Женя познакомила меня с миром пастернаковской поэзии. Поначалу я не читала стихов Пастернака – он открывался мне со всем колдовством в жгучем упоении Жениного голоса. Это чтение было какой-то особой потребностью ее души. Для меня Пастернак становился откровением. И мой муж делил со мной любовь к поэзии Пастернака. Эта любовь была одержимостью.
Затем каждое новое его произведение было событием в духовной жизни, и его стихи стали вечными спутниками в моей долгой жизни. К тому времени, когда она познакомила меня с ним самим, он уже был для меня чудом несомненной гениальности. Было чудом, что он – человек, который живет и дышит, который может улыбнуться и сказать тебе: «До свидания».
За свою долгую жизнь я много встречала разных людей, великих и не великих, но никогда ни один человек не вызывал у меня такого сложного чувства. Высота его поэзии утверждала его в той сфере прекрасного, которая словно исключает обыденность простого человеческого существования.
Пастернак вошел в мою юность вскоре после детства, когда счастливое чувство изумления и восторга каким-то особым инстинктом преклонения отделяет великое от обыденного. Верность этому чувству и делала мое отношение к Пастернаку-Поэту и Пастернаку-человеку таким сложным, когда восхищение и преклонение перед художником переплетены с робостью перед явью его человеческого существования. И боязнь, что всё это откроется ему, пугала и сковывала.
И вот настал день, когда Женя познакомила меня с Борисом Леонидовичем. Пришлось призвать на помощь всё мое воспитание, чтобы скрыть робость, поначалу охватившую меня. Но постепенно всё стало естественно и просто. Вспомнилось, что я никогда ни от кого не слышала про то, как Пастернак смеялся. Но Боже! Какой же это был удивительный смех, когда он читал шекспировские озорства, – веселый и счастливый, какой-то детский и радостный!
Любя меня и моего мужа, Женя много рассказывала о нас Борису Леонидовичу. Также Генрих Густавович Нейгауз, вспоминая Козловского, говорил Пастернаку не раз о замечательных дарованиях молодого композитора и дирижера. И Борис Леонидович сам выразил желание с ним познакомиться. Много раз представлялась возможность знакомства этих двух людей. Но тут вступал негативный закон предопределения. То мы приходили к Жене и она сообщала, что Борис Леонидович только что ушел, то Алексей Федорович уходил от Жени за несколько минут до прихода поэта.
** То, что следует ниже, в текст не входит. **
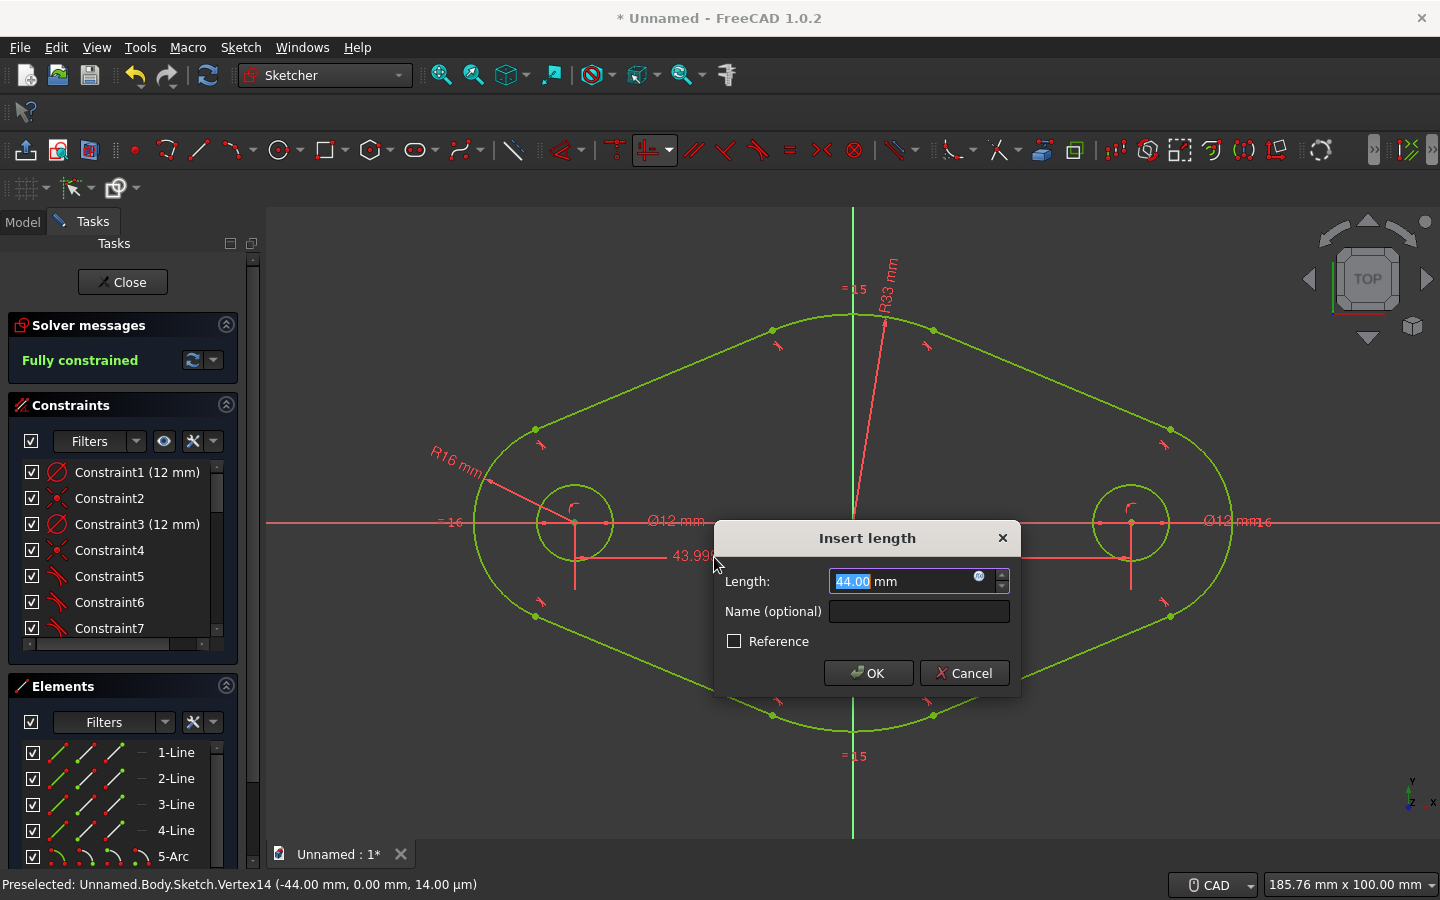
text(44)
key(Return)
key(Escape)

Не раз назначались свидания и неизменно срывались. Однажды Борис Леонидович сказал: «Позови Галю и ее мужа. Я хочу почитать у тебя свой перевод «Гамлета», который только что закончил». Но и в этот раз несчастье, случившееся с нашим другом, помешало нам прийти.
Когда я и Алексей Федорович переехали в Степановское, мы с Женей лишились радости привычного общения, очень тосковали и начали мечтать о том, чтобы какое-то время пожить вместе. И вот в год нашего переезда Женя сняла в той же деревне избу рядом с нами[42], она жила там вместе с сыном Женей и другом семьи, замечательной женщиной, о которой я хочу потом немного рассказать.
Наступило чудесное лето. Рано утром мы бежали в лес, весь мокрый от росы, собирали грибы. После завтрака я позировала Жене – она писала второй мой портрет. А в углу Пусинька[43] (так звали друга семьи за ее ласковость и нежность) занималась с маленьким Женей французским языком. Затем снова лес и веселое купанье в мелководной Истре. После обеда обычно шли гулять через лес к слиянию Москвы-реки и Истры. Вечером, когда маленький Женя уже спал, было долгое чаепитие за столом под соснами. Во время этого чаепития наступал час рассказов Пусиньки. Я долго не могла примириться с тем, что в семье Пастернаков называли Пусинькой женщину с глазами лани. Вероятно, так называл ее маленький Женя, очень к ней привязанный и избалованный ее ласковостью. Хотя ей было уже немало лет, в ней не ощущалось ничего старческого. Возраст ее сказывался только в замедленности походки. Помню, что звали ее Елизавета, а отчество – забыла. Из всех нас только Алексей Федорович обращался к ней по имени-отчеству. Пусинька была урожденная Лопухина, дочь славянофила, принадлежавшего к кружку Хомякова. Девочкой она, естественно, слышала их речи и рассказывала нам об особенностях оборотов, своеобразии слов, ревниво охраняемых кружковцами. Слово и отношение к нему являлись почти основополагающими в мировоззрении московских славянофилов. Борис Леонидович, очень любивший Пусиньку и друживший с ней, не раз выспрашивал об этой забытой языковой стихии.